Chain-of-Thought Prompting

Chain-of-Thought Prompting Wei et al. (2022)

There are a few different ways to implement chain-of-thought prompting, especially for structured outputs.

  1. Require the model to reason before outputting the structured object.
    • Bonus: Use a template_string to embed the reasoning into multiple functions.
  2. Require the model to flexibly reason before outputting the structured object.
  3. Embed reasoning in the structured object.
  4. Ask the model to embed reasoning as comments in the structured object.

Let’s look at an example of each of these.

We recommend Technique 2 for most use cases. But each technique has its own trade-offs, so please try them out and see which one works best for your use case.

Since BAML leverages Schema-Aligned Parsing (SAP) instead of JSON.parse or LLM modification (like constrained generation or structured outputs), we can do all of the above techniques with any language model!

Technique 1: Reasoning before outputting the structured object

In the below example, we use chain of thought prompting to extract information from an email.

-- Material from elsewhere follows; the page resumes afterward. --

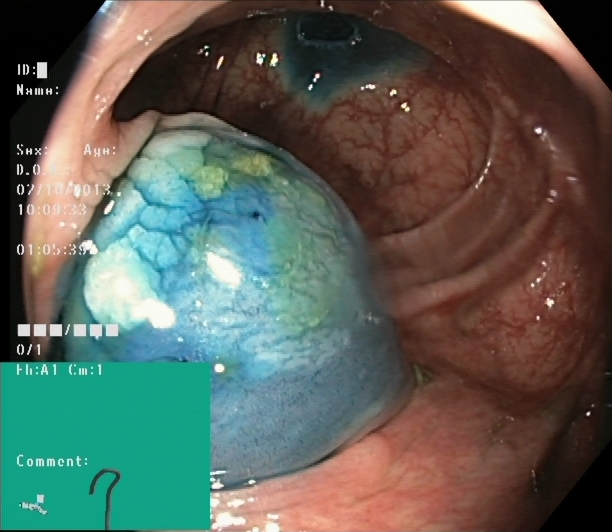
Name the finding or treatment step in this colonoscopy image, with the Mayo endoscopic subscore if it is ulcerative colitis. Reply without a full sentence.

dyed and lifted polyp (pre-resection)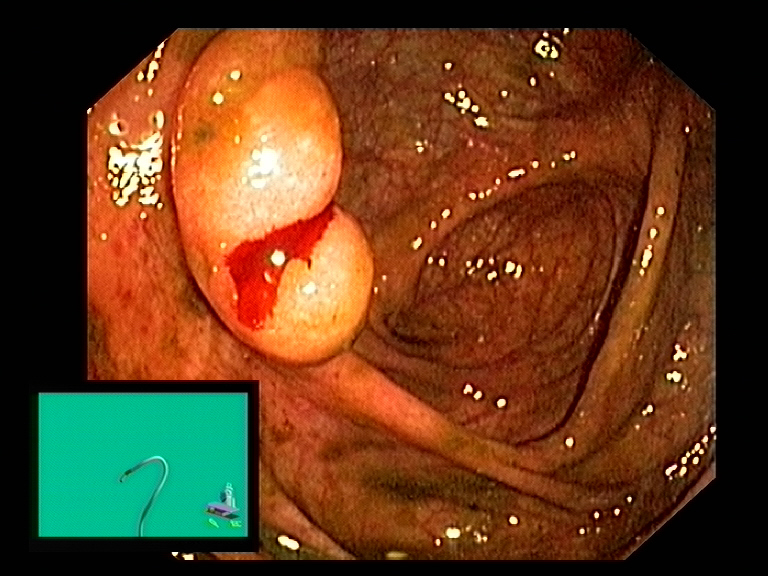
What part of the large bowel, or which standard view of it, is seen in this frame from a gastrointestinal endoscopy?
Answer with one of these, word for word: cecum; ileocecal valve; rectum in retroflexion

ileocecal valve

1function GetOrderInfo(email: Email) -> OrderInfo {
2 client "openai/gpt-5-mini"
3 prompt #"
4 extract everything from this email.
5
6
7 {{ ctx.output_format }}
8
9 Before you answer, please explain your reasoning step-by-step.
10
11 For example:
12 If we think step by step we can see that ...
13
14 Therefore the output is:
15 {
16 ... // schema
17 }
18
19 {{ _.role('user') }}
20
21 Sender: {{email.from_address}}
22 Email Subject: {{email.subject}}
23 Email Body: {{email.body}}
24 "#
25}
26
27class Email {
28 subject string
29 body string
30 from_address string
31}
32
33
34class OrderInfo {
35 order_status "ORDERED" | "SHIPPED" | "DELIVERED" | "CANCELLED"
36 tracking_number string?
37 estimated_arrival_date string?
38}
39
40test Test1 {
41 functions [GetOrderInfo]
42 args {
43 email {
44 from_address "hello@amazon.com"
45 subject "Your Amazon.com order of 'Wood Dowel Rods...' has shipped!"
46 body #"
47 Hi Sam, your package will arrive:
48 Thurs, April 4
49 Track your package:
50 www.amazon.com/gp/your-account/ship-track?ie=23&orderId123
51
52 On the way:
53 Wood Dowel Rods...
54 Order #113-7540940
55 Ship to:
56 Sam
57 SEATTLE, WA
58
59 Shipment total:
60 $0.00
61 "#
62
63 }
64 }
65}

Reusable Chain-of-Thought Snippets

You may want to reuse the same technique for multiple functions. Consider template_string!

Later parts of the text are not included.